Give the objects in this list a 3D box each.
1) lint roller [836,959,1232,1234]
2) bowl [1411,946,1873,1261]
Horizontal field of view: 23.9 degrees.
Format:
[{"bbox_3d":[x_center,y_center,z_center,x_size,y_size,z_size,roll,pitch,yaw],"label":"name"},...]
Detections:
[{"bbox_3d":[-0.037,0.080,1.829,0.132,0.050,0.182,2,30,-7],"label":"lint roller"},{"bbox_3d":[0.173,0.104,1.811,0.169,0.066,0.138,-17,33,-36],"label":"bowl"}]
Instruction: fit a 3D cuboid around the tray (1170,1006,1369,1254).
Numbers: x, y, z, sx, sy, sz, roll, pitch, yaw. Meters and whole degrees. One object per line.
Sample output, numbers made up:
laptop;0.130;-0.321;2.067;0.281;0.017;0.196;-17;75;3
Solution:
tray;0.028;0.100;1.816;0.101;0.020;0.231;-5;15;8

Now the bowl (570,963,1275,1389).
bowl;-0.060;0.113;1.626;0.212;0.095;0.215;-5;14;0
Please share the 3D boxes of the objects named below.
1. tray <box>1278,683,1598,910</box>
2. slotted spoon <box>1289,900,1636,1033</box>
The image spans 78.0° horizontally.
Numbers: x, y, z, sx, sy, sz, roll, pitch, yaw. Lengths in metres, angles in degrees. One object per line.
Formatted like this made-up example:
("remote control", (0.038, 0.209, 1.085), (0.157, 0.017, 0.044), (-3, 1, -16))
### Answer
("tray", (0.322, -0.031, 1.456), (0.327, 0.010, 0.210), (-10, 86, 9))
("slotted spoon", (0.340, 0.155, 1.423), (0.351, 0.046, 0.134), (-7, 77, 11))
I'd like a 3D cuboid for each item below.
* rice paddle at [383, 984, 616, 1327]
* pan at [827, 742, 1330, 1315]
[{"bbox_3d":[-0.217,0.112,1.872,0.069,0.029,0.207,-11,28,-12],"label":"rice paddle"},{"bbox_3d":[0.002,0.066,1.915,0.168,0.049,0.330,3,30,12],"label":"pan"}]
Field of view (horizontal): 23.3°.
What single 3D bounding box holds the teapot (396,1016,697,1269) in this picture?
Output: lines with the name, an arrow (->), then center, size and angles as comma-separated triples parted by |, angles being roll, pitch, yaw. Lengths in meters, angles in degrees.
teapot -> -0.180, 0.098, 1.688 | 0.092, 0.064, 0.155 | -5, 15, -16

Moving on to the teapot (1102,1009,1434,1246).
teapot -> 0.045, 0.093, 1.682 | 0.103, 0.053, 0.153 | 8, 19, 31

=== Your goal ===
Here the output must be the lines above from the line with "Horizontal field of view: 23.9 degrees." to the line with "Sample output, numbers", both included, duplicated word for word and nothing else.

=== Solution for this exercise ===
Horizontal field of view: 23.9 degrees.
Format:
[{"bbox_3d":[x_center,y_center,z_center,x_size,y_size,z_size,roll,pitch,yaw],"label":"name"},...]
Detections:
[{"bbox_3d":[-0.037,0.080,1.829,0.132,0.050,0.182,2,30,-7],"label":"lint roller"},{"bbox_3d":[0.173,0.104,1.811,0.169,0.066,0.138,-17,33,-36],"label":"bowl"}]
Instruction: fit a 3D cuboid around the tray (1170,1006,1369,1254).
Numbers: x, y, z, sx, sy, sz, roll, pitch, yaw. Meters and whole degrees. One object per line.
Sample output, numbers made up:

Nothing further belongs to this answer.